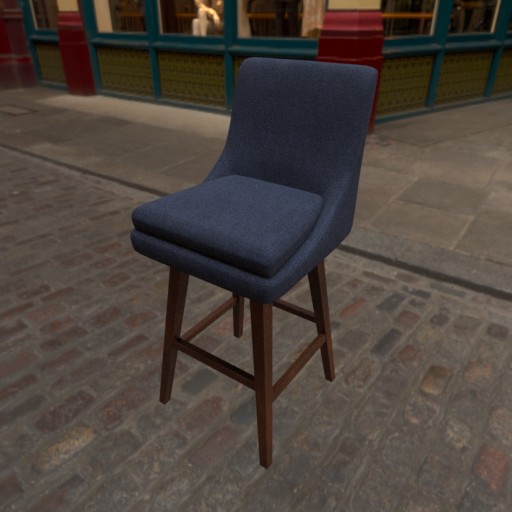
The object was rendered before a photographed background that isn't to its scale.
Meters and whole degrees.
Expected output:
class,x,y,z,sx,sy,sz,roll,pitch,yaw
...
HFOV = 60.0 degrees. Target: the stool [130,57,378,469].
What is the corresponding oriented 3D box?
class,x,y,z,sx,sy,sz,roll,pitch,yaw
stool,0.000,0.000,1.371,0.489,1.068,0.572,19,35,30
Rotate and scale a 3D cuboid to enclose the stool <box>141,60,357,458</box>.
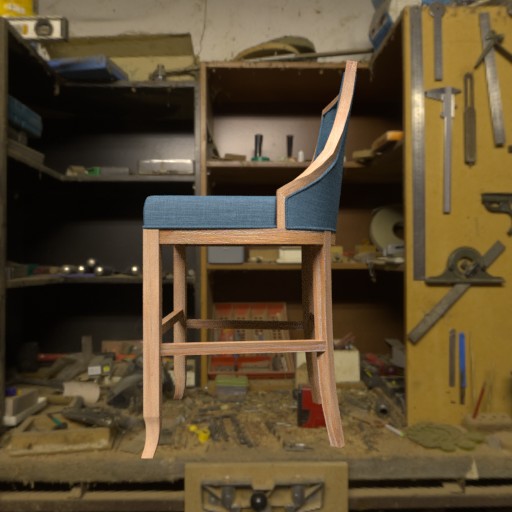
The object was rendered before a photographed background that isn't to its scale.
[{"bbox_3d":[0.000,0.000,1.461,0.626,1.101,0.524,0,0,0],"label":"stool"}]
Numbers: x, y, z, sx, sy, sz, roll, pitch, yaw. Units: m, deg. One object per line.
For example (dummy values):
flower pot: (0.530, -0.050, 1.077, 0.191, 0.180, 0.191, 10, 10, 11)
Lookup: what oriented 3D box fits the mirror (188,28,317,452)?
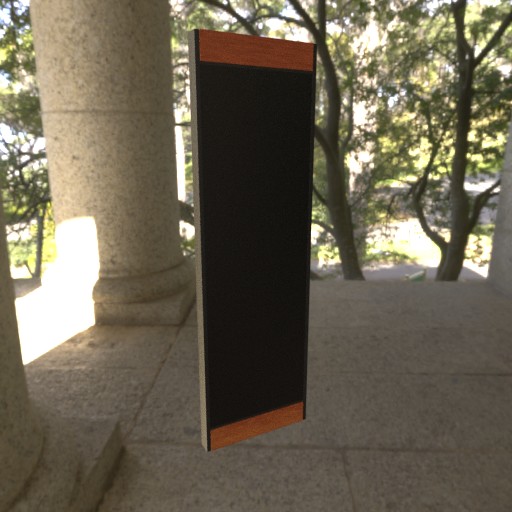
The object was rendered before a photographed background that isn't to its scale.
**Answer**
mirror: (0.000, 0.000, 1.245, 0.343, 1.123, 0.047, -7, 16, -27)
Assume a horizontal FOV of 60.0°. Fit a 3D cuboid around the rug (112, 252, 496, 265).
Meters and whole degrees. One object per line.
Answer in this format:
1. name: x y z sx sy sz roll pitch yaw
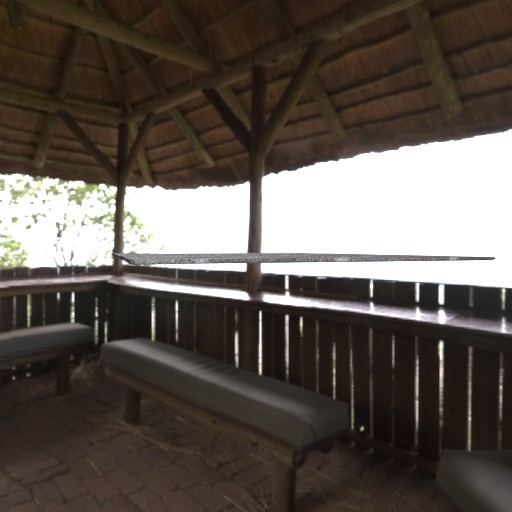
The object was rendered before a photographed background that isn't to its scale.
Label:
1. rug: 0.000 0.000 3.988 2.399 0.026 3.000 0 1 -20
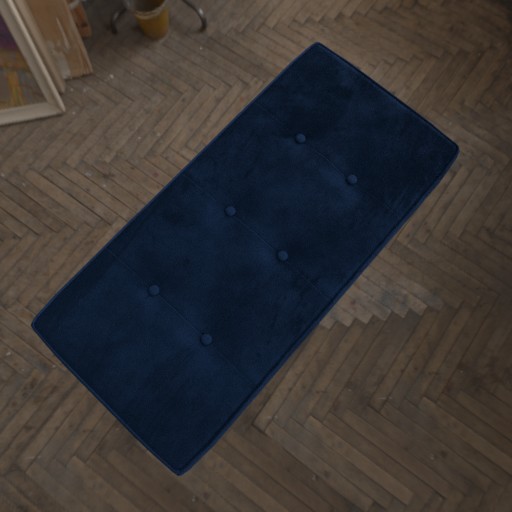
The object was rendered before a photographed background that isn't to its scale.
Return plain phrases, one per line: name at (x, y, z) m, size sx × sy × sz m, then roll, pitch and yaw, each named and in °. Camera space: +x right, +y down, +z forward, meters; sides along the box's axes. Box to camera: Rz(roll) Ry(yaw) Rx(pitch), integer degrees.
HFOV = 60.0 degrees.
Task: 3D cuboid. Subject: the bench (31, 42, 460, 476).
bench at (0.000, 0.000, 1.240) m, size 0.489 × 0.467 × 1.010 m, roll 41°, pitch 80°, yaw 9°
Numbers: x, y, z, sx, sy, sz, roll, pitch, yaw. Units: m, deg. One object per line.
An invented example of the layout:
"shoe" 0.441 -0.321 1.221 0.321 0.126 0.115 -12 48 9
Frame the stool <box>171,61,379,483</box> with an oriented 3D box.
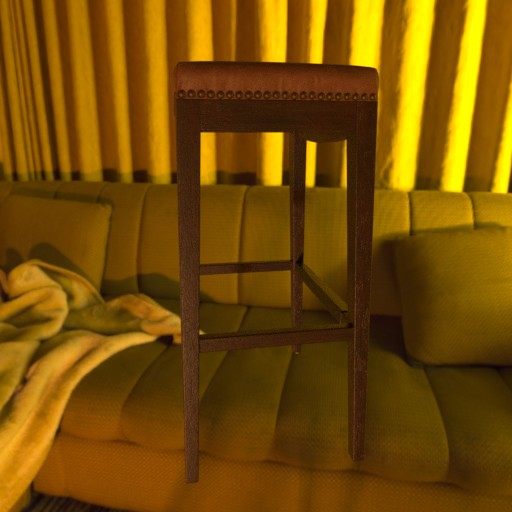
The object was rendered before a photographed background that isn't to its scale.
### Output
"stool" 0.000 0.000 1.013 0.361 0.759 0.500 -3 16 -10
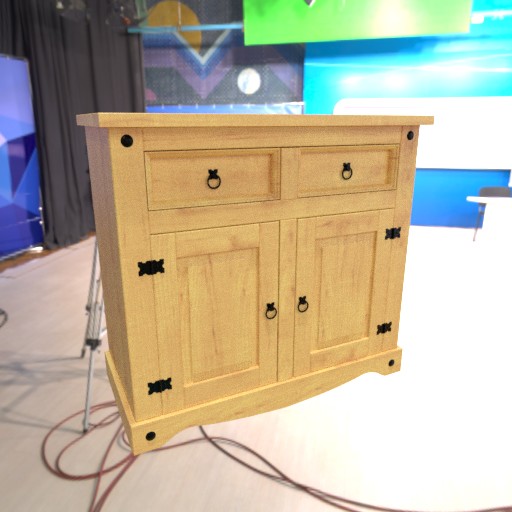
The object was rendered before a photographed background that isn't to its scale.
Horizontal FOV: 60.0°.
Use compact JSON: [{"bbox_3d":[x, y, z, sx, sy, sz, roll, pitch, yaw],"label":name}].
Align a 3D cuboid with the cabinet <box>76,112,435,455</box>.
[{"bbox_3d":[0.000,0.000,1.387,0.920,0.840,0.450,-8,19,-25],"label":"cabinet"}]
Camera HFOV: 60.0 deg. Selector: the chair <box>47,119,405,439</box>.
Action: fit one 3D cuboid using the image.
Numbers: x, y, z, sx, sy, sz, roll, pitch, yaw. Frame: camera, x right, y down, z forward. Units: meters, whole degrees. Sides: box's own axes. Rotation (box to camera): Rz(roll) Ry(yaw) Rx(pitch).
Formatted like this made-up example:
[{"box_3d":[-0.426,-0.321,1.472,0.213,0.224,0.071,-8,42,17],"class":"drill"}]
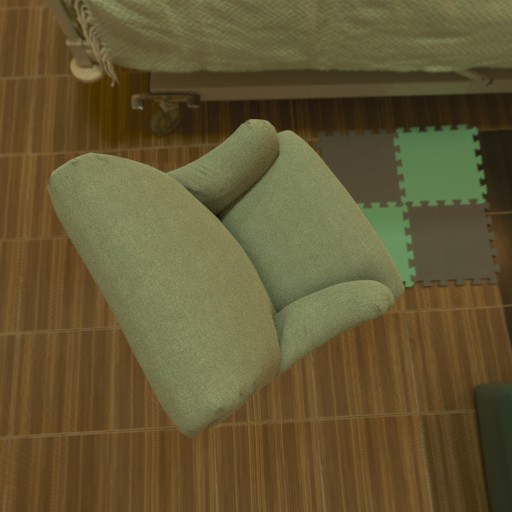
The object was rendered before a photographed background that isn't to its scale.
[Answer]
[{"box_3d":[0.000,0.000,1.880,1.060,1.178,0.964,-31,78,-7],"class":"chair"}]
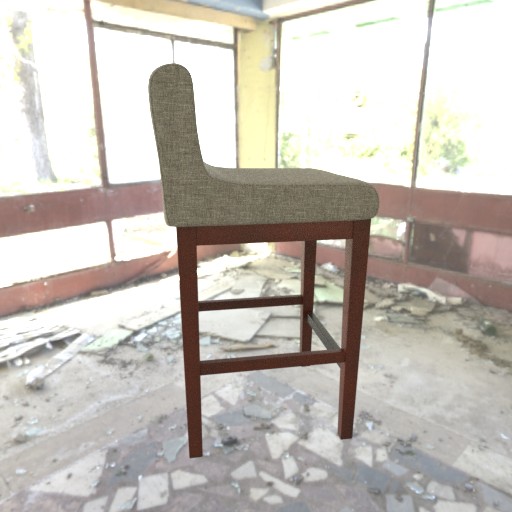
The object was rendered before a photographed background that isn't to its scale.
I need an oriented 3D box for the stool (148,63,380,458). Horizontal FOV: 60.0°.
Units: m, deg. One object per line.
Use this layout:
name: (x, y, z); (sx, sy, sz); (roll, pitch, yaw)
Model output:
stool: (0.000, 0.000, 1.100); (0.459, 0.835, 0.417); (-3, 16, -10)
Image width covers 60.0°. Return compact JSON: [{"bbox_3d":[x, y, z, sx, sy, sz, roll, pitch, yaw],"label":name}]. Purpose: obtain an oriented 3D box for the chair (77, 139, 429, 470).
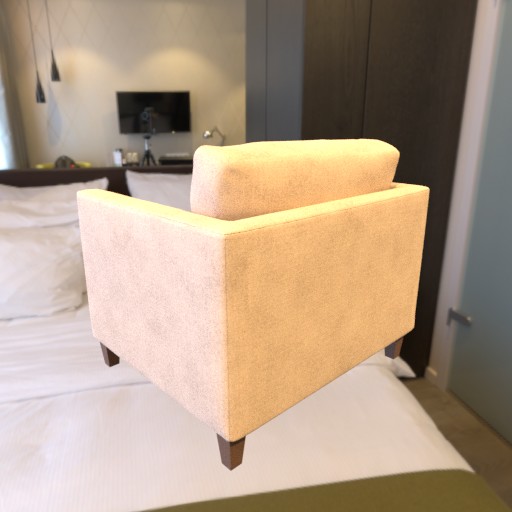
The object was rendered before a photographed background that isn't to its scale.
[{"bbox_3d":[0.000,0.000,1.860,1.133,0.961,0.959,-16,23,-41],"label":"chair"}]
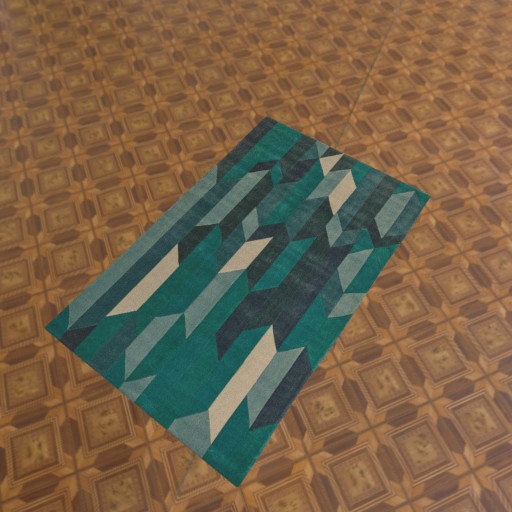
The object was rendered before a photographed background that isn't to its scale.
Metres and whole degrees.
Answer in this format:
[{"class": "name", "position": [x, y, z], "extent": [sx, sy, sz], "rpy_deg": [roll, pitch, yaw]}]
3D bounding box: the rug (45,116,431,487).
[{"class": "rug", "position": [0.000, 0.000, 3.057], "extent": [1.528, 0.005, 2.420], "rpy_deg": [31, 63, 18]}]
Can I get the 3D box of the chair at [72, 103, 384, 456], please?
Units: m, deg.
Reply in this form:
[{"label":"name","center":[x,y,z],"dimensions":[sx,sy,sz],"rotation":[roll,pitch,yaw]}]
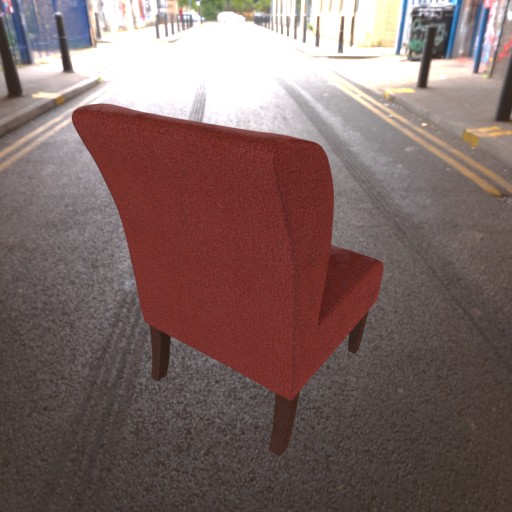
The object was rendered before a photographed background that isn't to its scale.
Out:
[{"label":"chair","center":[0.000,0.000,1.229],"dimensions":[0.538,0.846,0.640],"rotation":[20,35,31]}]
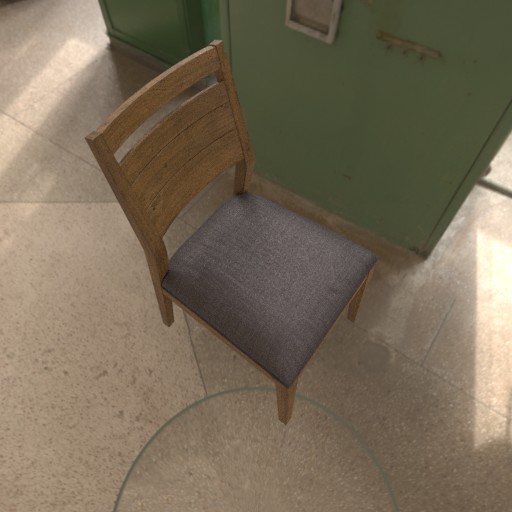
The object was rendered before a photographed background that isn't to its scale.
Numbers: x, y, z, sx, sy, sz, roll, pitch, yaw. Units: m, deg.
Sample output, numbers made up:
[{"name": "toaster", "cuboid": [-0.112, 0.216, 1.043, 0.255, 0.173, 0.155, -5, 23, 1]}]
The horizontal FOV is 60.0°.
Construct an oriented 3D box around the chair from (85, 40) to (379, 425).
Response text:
[{"name": "chair", "cuboid": [0.000, 0.000, 1.299, 0.610, 0.939, 0.501, 32, 63, 18]}]
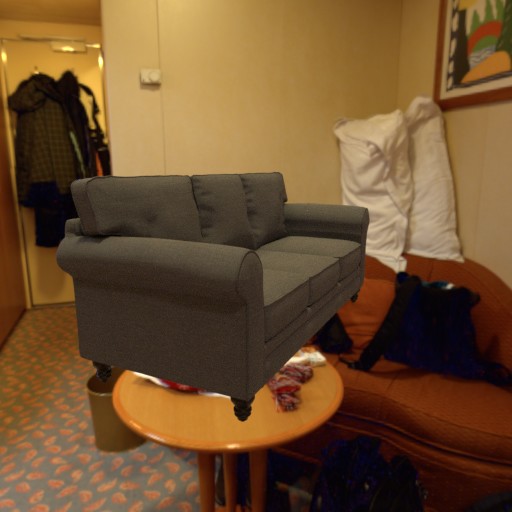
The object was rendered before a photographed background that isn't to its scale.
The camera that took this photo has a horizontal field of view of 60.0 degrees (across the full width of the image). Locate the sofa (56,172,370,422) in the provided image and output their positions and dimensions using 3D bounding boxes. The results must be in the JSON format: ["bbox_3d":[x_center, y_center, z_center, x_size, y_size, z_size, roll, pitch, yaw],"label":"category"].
[{"bbox_3d":[0.000,0.000,2.634,0.909,0.966,2.084,6,13,26],"label":"sofa"}]
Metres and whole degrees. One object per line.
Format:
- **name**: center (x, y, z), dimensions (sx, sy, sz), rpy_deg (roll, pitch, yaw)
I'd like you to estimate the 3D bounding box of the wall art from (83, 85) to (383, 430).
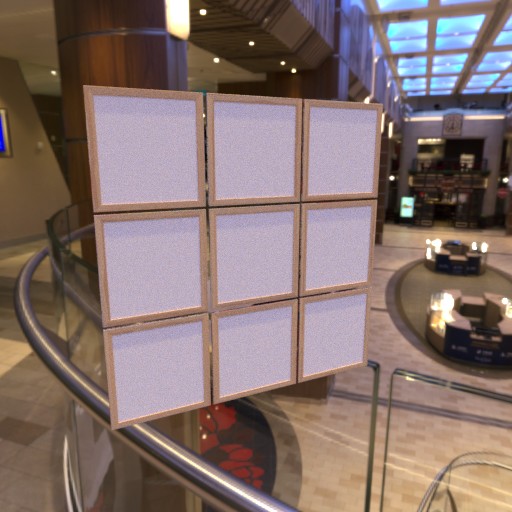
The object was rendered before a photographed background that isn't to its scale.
- **wall art**: center (0.000, 0.000, 2.247), dimensions (1.519, 1.534, 0.013), rpy_deg (-6, 14, -25)
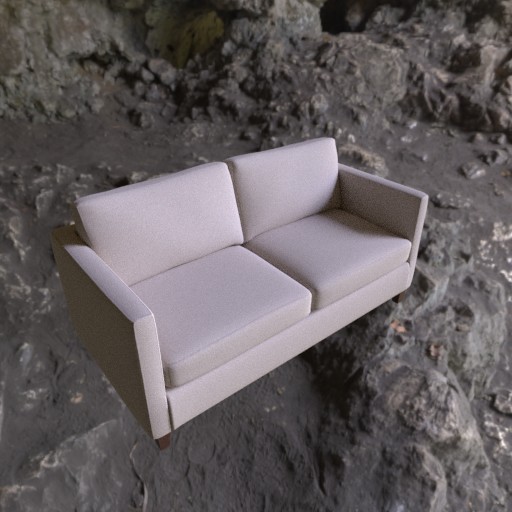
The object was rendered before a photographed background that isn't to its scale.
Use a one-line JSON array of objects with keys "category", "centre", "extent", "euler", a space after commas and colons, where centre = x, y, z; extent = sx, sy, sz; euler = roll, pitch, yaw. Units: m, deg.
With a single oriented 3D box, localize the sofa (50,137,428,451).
[{"category": "sofa", "centre": [0.000, 0.000, 2.277], "extent": [1.722, 0.888, 0.873], "euler": [-22, 37, -33]}]
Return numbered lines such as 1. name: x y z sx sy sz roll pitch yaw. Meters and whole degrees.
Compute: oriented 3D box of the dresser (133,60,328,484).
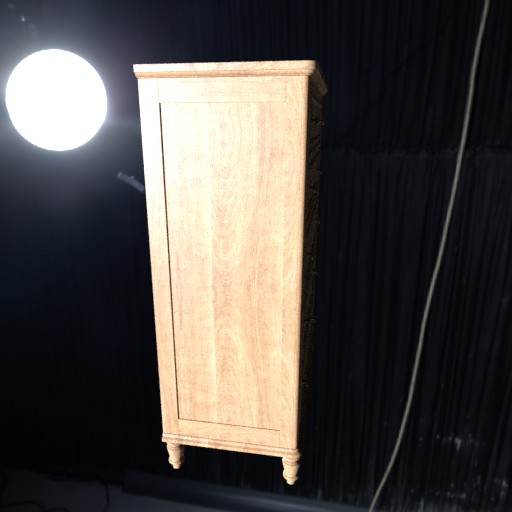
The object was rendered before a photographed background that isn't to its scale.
1. dresser: 0.000 0.000 1.774 0.484 1.318 0.973 3 17 10
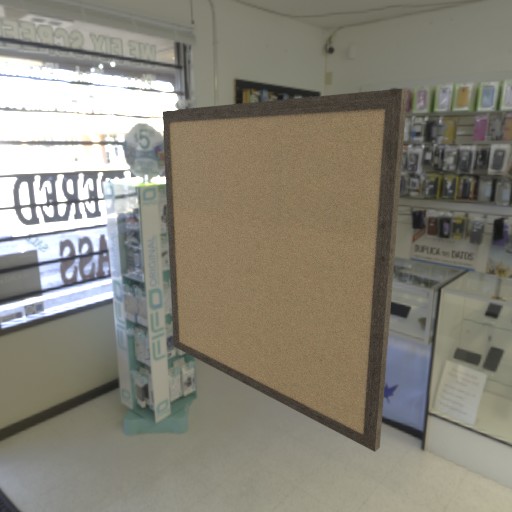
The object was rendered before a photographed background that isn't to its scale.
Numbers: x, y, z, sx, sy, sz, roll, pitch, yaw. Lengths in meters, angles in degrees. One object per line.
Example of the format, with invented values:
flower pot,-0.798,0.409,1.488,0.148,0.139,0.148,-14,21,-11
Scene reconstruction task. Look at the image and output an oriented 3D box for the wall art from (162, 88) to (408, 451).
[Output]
wall art,0.000,0.000,0.696,0.457,0.457,0.013,13,19,43
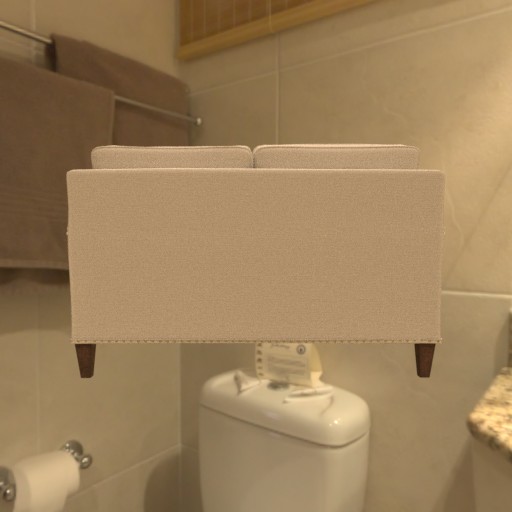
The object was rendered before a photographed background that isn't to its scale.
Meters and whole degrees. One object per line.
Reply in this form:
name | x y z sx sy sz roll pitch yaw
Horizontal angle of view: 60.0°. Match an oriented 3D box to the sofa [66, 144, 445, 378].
sofa | 0.000 0.000 2.287 1.597 1.003 1.084 0 2 0

Problem to solve:
Check each line above for the word "made", and copy the lines where it appears.

Task output:
Formatted like this made-up example:
Sample output, numbers made up:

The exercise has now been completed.